Statistical analysis examined both short-term (i.e., 6 month) reliability and long-term durability of cystocele repair (i.e., time to failure). Whether or not an effective mechanical repair had been achieved in the first instance was inferred from anatomic findings at the 6-month postoperative visit, using chi-square test of independence and logistic regression analysis [14]. The latter allows for multivariate analyses to control for possible confounding variables. Long-term anatomical durability of an initially successfully site-specific cystocele repair was first examined with the Kaplan–Meier survival curves and log rank test, then further evaluated using the Cox proportional hazards model [15]. The impact of potential confounding variables was also investigated.
Results
Group comparison of demographic and potentially confounding variables revealed mean age of the APVR cases to be 10.2 years younger, reflecting the more common need for an abdominal incision in menstruating women (Table 1). No statistical difference was seen in the distribution of other potentially confounding variables, such as BMI > 25 Kg/M2, multi-compartment prolapse, prior or concomitant hysterectomy, prior failed surgery, severe urinary incontinence or suspected collagen weakness.
Table 1
Group comparison of baseline demographics and potentially confounding factors
Baseline demographics and potential confounders
Abdominal paravaginal repair
Vaginal paravaginal repair
P value
Mean age
51.7 years
61.9 years
<0.0001a
Overt prolapse in a second vaginal compartment
87%
76%
0.168(ns)
Concomitant hysterectomy
37%
24%
0.141(ns)
Prior hysterectomy
40%
44%
0.695(ns)
Prior failed surgery
33%
34%
0.893(ns)
Suspected collagen weakness
21%
22%
0.911(ns)
Severe incontinence
48%
39%
0.335(ns)
BMI > 25 Kg/M2
58%
69%
0.196(ns)
aSignificant
Patient age [16, 17] and the need for multi-compartment prolapse repair [1, 2] have been perceived to be adverse prognostic factors. However, with respect to the restoration of normal anterior compartment anatomy at 6-month follow-up, neither covariate was an important confounder at logistic regression analyses. The 95% confidence intervals (CI) of odds ratios (OR) comparing VPVR to APVR were 0.818–9.243; p value = 0.102 > 0.05 before adjusting and 0. 651–8.176; p value = 0.375 > 0.05 after adjusting for potential confounding factors (Table 2). Both 95% CI of OR was very wide and included ‘1’, implying that the route of paravaginal repair did not impact short-term reliability. Nor were age or multi-compartment prolapse shown to be effect modifiers for short-term repair outcome.
Table 2
Potential confounding factors—logistic regression and Cox proportional hazard analysis
Factor
95% CI of odds ratio
p value
Significant difference at 5%?
Logistic regression on short-term outcome
Before adjusting for confounders
VPVR vs. APVR
0.818–9.243
0.102 > 0.05
No
After adjusting for confounders
VPVR vs. APVR
0.651–8.176
0.357 > 0.05
No
Cox modelling on long-term outcome
Before adjusting for confounders
VPVR vs. APVR
1.065–2.683
0.026 < 0.05
Yes
After adjusting for confounders
VPVR vs. APVR
1.029–2.708
0.038 < 0.05
Yes
Estimated effects of repair method before and after adjusting for potential confounding factors (age and multi-compartment prolapse)

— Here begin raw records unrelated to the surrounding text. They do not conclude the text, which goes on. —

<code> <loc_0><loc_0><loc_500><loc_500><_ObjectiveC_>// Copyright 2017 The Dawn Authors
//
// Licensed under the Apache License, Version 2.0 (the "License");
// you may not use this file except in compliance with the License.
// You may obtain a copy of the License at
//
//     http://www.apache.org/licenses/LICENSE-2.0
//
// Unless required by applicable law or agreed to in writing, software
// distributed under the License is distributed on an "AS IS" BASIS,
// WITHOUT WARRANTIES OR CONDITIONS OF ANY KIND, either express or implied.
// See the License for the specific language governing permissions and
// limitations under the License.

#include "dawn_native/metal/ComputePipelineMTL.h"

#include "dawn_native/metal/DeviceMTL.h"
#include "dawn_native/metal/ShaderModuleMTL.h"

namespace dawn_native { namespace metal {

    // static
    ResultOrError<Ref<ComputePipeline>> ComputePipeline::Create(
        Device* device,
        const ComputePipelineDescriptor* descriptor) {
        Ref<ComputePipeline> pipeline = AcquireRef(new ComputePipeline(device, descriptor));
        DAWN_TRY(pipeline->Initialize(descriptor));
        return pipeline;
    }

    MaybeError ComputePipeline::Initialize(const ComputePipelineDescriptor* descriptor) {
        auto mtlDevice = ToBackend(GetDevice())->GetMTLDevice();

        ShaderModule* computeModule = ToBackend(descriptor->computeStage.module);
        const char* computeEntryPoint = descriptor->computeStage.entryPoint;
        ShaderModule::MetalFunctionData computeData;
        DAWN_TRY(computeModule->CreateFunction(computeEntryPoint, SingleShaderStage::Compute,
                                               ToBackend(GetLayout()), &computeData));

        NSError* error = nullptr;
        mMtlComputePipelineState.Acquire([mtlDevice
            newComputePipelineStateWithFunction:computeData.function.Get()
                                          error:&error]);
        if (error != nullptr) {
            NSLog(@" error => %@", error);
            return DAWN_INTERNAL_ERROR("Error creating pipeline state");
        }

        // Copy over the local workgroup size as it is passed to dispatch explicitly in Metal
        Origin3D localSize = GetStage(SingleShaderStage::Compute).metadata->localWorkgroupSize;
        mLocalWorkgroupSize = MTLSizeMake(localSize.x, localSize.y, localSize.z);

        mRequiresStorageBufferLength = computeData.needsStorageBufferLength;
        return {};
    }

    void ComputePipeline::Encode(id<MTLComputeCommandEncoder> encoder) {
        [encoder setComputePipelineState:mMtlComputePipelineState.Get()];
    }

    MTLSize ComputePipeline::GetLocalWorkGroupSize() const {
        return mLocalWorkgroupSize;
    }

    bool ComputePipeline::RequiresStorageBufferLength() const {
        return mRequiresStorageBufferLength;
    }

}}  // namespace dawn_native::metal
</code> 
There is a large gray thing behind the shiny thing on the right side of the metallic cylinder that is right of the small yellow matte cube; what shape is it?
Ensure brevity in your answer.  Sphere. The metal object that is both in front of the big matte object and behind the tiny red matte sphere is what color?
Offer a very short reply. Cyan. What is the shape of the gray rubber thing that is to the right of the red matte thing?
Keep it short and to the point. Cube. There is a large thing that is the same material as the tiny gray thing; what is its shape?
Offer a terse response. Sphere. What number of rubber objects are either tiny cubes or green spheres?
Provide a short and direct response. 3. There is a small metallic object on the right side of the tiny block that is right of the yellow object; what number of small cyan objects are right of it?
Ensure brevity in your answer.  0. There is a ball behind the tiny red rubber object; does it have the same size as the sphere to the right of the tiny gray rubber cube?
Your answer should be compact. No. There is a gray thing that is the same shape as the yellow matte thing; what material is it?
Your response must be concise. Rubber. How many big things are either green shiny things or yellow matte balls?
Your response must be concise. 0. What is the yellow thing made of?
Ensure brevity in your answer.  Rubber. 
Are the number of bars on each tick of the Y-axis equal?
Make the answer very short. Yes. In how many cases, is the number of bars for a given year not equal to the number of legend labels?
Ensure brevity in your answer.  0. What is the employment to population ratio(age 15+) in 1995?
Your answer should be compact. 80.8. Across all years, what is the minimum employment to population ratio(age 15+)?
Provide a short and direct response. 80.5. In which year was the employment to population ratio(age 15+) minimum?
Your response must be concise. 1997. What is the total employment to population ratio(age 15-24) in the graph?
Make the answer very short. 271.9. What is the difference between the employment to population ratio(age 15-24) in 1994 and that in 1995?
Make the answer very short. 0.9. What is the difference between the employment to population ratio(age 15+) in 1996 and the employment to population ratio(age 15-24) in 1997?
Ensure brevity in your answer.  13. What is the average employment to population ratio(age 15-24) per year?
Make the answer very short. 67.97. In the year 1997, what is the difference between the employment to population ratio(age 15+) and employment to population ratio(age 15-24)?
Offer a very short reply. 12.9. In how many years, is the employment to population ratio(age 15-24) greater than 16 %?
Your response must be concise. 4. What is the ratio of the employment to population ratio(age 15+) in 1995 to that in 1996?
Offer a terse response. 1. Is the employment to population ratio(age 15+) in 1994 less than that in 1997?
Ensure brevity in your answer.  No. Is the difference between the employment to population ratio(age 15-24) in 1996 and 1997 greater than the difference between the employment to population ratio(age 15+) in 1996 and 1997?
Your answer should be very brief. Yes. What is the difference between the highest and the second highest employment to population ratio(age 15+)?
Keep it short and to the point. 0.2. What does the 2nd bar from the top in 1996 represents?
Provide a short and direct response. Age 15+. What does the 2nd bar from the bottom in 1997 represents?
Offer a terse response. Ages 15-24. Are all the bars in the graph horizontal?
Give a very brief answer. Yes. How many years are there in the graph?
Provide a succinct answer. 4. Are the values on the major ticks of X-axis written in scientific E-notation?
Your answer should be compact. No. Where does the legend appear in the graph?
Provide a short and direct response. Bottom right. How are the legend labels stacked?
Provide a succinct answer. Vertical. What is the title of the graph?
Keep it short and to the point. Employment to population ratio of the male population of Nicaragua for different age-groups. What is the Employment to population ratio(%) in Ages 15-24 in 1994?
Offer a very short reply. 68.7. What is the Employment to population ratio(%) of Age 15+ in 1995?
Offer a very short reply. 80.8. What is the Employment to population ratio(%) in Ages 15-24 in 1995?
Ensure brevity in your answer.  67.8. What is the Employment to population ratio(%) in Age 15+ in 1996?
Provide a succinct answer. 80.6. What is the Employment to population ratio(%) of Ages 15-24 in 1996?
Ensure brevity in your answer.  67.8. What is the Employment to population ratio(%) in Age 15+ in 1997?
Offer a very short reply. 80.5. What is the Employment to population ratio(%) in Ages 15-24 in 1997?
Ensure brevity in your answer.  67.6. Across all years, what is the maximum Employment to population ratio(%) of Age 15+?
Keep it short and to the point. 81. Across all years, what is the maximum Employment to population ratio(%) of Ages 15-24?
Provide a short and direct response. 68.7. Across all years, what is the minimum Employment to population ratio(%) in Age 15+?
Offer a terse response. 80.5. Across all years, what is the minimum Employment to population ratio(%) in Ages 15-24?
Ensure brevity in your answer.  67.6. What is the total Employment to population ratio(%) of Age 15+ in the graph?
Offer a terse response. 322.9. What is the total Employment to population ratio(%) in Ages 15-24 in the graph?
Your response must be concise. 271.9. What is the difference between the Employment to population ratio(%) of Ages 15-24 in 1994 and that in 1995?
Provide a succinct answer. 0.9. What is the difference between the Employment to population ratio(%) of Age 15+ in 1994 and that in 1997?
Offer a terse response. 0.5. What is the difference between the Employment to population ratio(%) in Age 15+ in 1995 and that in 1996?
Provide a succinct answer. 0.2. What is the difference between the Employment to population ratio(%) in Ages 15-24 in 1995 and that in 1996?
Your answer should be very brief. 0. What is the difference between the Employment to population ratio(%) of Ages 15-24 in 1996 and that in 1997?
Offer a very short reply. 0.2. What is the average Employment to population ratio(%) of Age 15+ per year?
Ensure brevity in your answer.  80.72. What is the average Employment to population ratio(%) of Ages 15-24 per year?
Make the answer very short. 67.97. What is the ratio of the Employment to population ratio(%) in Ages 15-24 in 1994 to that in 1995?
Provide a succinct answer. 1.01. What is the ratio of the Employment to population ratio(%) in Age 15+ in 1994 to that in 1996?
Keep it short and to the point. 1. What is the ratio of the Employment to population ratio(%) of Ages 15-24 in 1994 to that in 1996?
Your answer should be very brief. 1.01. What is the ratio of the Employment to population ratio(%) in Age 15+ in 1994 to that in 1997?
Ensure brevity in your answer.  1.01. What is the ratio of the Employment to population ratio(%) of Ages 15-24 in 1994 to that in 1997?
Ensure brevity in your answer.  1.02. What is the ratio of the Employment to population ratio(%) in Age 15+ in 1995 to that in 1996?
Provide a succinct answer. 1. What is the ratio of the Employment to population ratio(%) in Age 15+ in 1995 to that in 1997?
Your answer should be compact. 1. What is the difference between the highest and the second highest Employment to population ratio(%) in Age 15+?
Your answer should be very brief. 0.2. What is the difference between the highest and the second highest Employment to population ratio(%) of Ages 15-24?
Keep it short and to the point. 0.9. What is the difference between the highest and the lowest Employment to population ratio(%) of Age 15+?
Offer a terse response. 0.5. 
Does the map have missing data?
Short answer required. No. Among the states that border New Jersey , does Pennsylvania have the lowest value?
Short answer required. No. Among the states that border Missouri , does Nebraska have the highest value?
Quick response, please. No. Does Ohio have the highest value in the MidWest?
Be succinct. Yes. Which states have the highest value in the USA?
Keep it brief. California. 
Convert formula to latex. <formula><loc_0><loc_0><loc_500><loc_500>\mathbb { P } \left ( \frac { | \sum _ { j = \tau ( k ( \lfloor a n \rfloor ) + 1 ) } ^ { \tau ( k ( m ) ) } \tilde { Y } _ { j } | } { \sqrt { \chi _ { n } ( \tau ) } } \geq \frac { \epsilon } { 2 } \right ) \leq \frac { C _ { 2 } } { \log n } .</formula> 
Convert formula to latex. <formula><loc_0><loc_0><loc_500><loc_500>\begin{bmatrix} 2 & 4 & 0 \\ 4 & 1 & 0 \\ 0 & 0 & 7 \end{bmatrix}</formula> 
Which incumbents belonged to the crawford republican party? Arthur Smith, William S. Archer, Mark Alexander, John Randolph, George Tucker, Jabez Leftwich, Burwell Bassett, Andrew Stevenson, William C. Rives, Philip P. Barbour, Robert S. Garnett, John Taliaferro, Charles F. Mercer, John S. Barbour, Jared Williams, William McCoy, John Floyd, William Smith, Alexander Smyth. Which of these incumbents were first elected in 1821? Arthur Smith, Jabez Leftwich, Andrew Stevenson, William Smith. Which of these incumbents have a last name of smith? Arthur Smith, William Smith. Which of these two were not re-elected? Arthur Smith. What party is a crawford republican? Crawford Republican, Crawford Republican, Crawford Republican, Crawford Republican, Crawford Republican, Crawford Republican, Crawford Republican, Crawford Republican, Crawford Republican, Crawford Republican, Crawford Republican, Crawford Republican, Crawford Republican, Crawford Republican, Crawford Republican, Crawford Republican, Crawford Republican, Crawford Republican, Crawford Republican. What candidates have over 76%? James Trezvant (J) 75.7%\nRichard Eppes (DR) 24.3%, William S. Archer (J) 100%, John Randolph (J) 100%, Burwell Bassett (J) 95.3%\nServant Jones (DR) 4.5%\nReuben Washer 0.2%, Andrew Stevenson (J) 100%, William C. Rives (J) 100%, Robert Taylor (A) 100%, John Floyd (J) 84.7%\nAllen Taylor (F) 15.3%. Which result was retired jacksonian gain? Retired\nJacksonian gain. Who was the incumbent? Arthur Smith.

However, the Kaplan–Meier survival analysis curves for APVR and VPVR diverged steadily over time (Fig. 2). APVR conferred a greater chance of remaining prolapse-free in the long term [46 out of 52 (88.5%) versus 41 out of 59 (69.5%)]. The interaction between age and long-term treatment outcome were examined in the Cox model. VPVR hazards ratio confidence intervals were 1.065–2.683 (p value = 0.026 < 0.05) before adjusting, and 1.029–2.708 (p value = 0.038 < 0.05) after adjusting for potential confounders (Table 3). Neither age nor multi-compartment prolapse were identified as effect modifiers (p values >0.05). Although the interactions between potential confounders and the repair method appeared minimal, the ability of the Cox regression analysis to detect confounding within our data was limited by small sample size (111), high censoring proportion (78%) and the fact that most premenopausal women received APVR while most postmenopausal women received VPVR. Another possible explanation for the lack of confounding effect by these widely recognised risk factors lies with the surgical philosophy to “leave the entire tract intact” at the index operation. Perhaps for this reason, re-enforcing apical support at cystocele repair neither increased nor decreased cystocele recurrence rates within this study (Table 2).
Fig. 2
Kaplan–Meier survival curves, showing good durability for both methods of paravaginal repair during follow up of up to 10 years. APVR was 19% more effective than VPVR over the long term
Table 3
Potential confounding factors—contingency analysis on concomitant apical surgery
Long-term outcome
Total
Success
Failure
Abdominal paravaginal repair
No additional apical support needed
6 (86%)
1
7
Concomitant apical support by uterosacral ligament culdoplasty
22 (92%)
2
24
Concomitant apical support by open sacrocolpopexy, using polypropylene mesh
18 (86%)
3
21
Total
46
6
52
Four year log rank χ2 = 0.419; p value = 0.811 (>>0.05)
Vaginal paravaginal repair
No additional apical support needed
10 (71%)
4
14
Concomitant apical support by uterosacral ligament culdoplasty
10 (71%)
4
14
Concomitant apical support by unilateral sacrospinous fixation
21 (70%)
10
31
Total
41
18
59
Four year log rank χ2 = 0.534; p value = 0.766 (>>0.05)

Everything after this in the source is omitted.